What this task involves: Check each line of the entries below for the string "right" and state how many lines have it, with no other text.

-- Excerpted data follows --

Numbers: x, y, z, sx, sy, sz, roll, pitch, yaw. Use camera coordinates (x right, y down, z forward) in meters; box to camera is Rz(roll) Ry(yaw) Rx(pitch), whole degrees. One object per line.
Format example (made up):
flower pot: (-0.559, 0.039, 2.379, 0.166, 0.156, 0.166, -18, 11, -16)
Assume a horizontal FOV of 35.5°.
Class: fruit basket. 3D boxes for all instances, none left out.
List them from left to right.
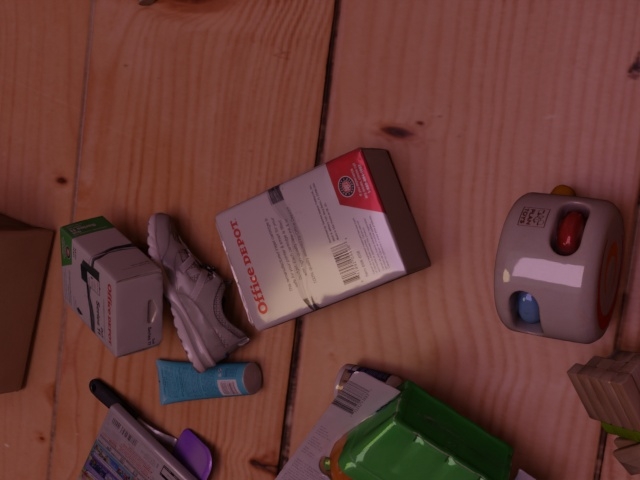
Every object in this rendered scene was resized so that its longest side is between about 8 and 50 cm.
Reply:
fruit basket: (0.109, 0.382, 1.472, 0.327, 0.165, 0.353, 32, 126, 1)

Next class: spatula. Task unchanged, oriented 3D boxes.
spatula: (-0.301, 0.326, 1.744, 0.296, 0.030, 0.084, 32, 105, 22)

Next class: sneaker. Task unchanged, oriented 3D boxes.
sneaker: (-0.207, 0.076, 1.666, 0.115, 0.105, 0.281, -22, 77, -8)

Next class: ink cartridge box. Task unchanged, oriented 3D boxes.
ink cartridge box: (-0.349, 0.075, 1.661, 0.208, 0.086, 0.153, 35, 130, 43)
ink cartridge box: (0.000, 0.000, 1.530, 0.272, 0.114, 0.197, -22, 84, 25)

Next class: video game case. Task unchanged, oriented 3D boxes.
video game case: (-0.320, 0.420, 1.745, 0.212, 0.023, 0.193, 39, 120, 19)

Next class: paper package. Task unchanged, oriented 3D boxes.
paper package: (-0.652, 0.116, 1.750, 0.168, 0.309, 0.325, 18, 100, 24)

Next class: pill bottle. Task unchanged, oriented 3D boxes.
pill bottle: (0.086, 0.233, 1.527, 0.120, 0.067, 0.067, 11, 98, 25)

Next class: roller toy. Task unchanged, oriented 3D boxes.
roller toy: (0.314, 0.032, 1.334, 0.146, 0.191, 0.209, 8, 97, 26)

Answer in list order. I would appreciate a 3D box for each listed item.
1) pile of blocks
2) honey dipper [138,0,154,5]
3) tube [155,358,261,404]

-- Excerpted data concluded --

Response box: 2